# Chapter 6: RNN/LSTM for Protein Sequence Analysis

Welcome to protein sequence analysis! 🧪

In this notebook, we'll use Recurrent Neural Networks (RNNs) and Long Short-Term Memory (LSTM) networks to classify protein families. Proteins are the workhorses of biology, and understanding them is crucial for drug design, disease research, and biotechnology.

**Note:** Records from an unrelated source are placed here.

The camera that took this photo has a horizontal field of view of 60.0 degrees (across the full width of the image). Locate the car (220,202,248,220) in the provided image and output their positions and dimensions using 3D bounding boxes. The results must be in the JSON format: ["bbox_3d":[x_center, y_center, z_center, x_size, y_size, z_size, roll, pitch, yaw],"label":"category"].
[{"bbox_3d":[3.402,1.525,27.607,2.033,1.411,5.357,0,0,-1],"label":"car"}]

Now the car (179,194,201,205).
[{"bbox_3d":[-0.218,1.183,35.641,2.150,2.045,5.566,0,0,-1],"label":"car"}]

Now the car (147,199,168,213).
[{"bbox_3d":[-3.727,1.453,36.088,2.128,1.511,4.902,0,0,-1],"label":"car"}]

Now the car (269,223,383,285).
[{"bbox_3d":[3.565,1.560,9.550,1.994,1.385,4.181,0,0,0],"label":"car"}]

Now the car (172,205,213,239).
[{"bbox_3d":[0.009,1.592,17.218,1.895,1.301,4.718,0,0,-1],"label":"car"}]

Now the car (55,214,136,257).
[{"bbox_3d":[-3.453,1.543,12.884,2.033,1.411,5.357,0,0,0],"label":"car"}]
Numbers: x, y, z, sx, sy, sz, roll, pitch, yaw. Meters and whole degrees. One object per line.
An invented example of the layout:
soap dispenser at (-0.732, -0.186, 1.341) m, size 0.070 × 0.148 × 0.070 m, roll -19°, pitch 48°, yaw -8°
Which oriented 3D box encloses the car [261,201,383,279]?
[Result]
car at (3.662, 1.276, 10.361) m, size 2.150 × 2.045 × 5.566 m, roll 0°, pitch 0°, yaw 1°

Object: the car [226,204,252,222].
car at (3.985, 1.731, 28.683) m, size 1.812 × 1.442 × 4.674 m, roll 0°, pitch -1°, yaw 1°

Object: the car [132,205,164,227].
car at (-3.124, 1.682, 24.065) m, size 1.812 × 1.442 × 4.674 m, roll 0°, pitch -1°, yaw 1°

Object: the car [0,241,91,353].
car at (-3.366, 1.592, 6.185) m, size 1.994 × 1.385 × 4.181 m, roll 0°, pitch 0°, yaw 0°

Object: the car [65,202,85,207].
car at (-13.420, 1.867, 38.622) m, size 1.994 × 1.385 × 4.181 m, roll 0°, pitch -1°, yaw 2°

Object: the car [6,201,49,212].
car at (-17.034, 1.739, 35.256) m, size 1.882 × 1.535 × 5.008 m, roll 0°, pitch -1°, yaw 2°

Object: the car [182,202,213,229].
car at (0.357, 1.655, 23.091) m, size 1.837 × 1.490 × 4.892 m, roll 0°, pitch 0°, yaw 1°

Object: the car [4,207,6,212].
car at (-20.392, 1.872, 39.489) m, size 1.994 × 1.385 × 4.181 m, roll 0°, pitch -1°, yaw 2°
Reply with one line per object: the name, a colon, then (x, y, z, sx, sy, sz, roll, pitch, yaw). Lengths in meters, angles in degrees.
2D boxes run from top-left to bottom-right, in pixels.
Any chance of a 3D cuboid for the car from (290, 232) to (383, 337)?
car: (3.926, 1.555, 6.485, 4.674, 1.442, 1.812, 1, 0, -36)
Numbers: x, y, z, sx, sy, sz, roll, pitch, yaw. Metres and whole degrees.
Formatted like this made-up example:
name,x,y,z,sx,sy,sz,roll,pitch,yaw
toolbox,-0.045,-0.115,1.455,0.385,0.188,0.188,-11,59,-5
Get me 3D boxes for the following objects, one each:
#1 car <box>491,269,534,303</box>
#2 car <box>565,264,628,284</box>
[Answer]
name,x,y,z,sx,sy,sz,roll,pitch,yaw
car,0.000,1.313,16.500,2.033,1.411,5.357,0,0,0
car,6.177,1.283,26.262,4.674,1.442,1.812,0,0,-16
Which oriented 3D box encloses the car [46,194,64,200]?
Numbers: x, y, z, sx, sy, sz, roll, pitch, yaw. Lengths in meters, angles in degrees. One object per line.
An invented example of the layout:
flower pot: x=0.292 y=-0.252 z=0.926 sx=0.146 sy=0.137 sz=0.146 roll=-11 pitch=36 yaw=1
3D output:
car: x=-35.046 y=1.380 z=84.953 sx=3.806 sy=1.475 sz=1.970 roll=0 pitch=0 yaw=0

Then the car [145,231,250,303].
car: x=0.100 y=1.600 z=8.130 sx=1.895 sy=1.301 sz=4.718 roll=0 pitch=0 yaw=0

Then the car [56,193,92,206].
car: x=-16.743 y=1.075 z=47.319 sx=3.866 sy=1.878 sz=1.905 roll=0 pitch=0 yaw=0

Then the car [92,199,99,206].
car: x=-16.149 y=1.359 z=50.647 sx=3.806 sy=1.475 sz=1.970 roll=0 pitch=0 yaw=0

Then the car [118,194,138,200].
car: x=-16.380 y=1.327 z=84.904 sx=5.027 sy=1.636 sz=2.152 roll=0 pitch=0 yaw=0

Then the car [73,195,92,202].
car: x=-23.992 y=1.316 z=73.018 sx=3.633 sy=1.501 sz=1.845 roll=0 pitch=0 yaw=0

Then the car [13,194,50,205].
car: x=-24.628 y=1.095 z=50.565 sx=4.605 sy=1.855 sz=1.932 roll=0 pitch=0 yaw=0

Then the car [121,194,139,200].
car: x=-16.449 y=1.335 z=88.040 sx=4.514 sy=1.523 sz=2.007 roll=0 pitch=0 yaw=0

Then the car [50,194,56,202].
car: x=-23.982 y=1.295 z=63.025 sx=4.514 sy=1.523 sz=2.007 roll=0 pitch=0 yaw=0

## 🎯 The Biological Problem

### What are Proteins?

Proteins are chains of amino acids (20 different types, represented by letters like A, G, W, etc.):

```
MKTAYIAKQRQISFVKSHFSRQLEERLGLIEV...
```

- **Length:** Typically 50-1000 amino acids (some much longer!)
- **Function:** Determined by the sequence and 3D structure
- **Families:** Proteins with similar sequences usually have similar functions

### Why Classify Protein Families?

When scientists discover a new protein sequence, they want to know:
- What does it do? (enzyme, transport, signaling, etc.)
- What family does it belong to?
- Can we predict its structure or function?

**Example families:**
- Kinases (proteins that add phosphate groups)
- G-protein coupled receptors (cell signaling)
- Immunoglobulins (antibodies)

### The Machine Learning Task

**Input:** Protein sequence
```
MGAAASIQTTVNTLSERISSKLEQEANASAQTKCDIEIGNFYIRQNHGCNLTVKNMCSAD
```

**Output:** Which family does this belong to? (multi-class classification)

**Challenge:** Sequences vary in length, and similar function can come from very different sequences!

## 📚 What You'll Learn

1. **RNNs:** Networks that can process sequences of varying lengths
2. **LSTMs:** Advanced RNNs that can remember long-range dependencies
3. **Embeddings:** How to represent amino acids as vectors
4. **Bidirectional Processing:** Reading sequences forward AND backward
5. **Handling Variable Lengths:** Padding and masking techniques

## 🔧 Why RNNs/LSTMs for Sequences?

Unlike CNNs (which look at local patterns), RNNs:
- Process one amino acid at a time
- Maintain a "memory" of what they've seen
- Can handle sequences of any length
- Capture long-range dependencies (amino acids far apart but functionally related)

Let's dive in! 🚀

---


## 1. Setup and Imports

In [None]:
import torch
import torch.nn as nn
import torch.optim as optim
from torch.utils.data import Dataset, DataLoader, random_split
from torch.nn.utils.rnn import pack_padded_sequence, pad_packed_sequence

import numpy as np
import pandas as pd
import matplotlib.pyplot as plt
import seaborn as sns
from sklearn.metrics import confusion_matrix, classification_report
from tqdm import tqdm

# Set random seeds
torch.manual_seed(42)
np.random.seed(42)

# Device configuration
device = torch.device('cuda' if torch.cuda.is_available() else 'cpu')
print(f"Using device: {device}")
if device.type == 'cuda':
    print(f"GPU: {torch.cuda.get_device_name(0)}")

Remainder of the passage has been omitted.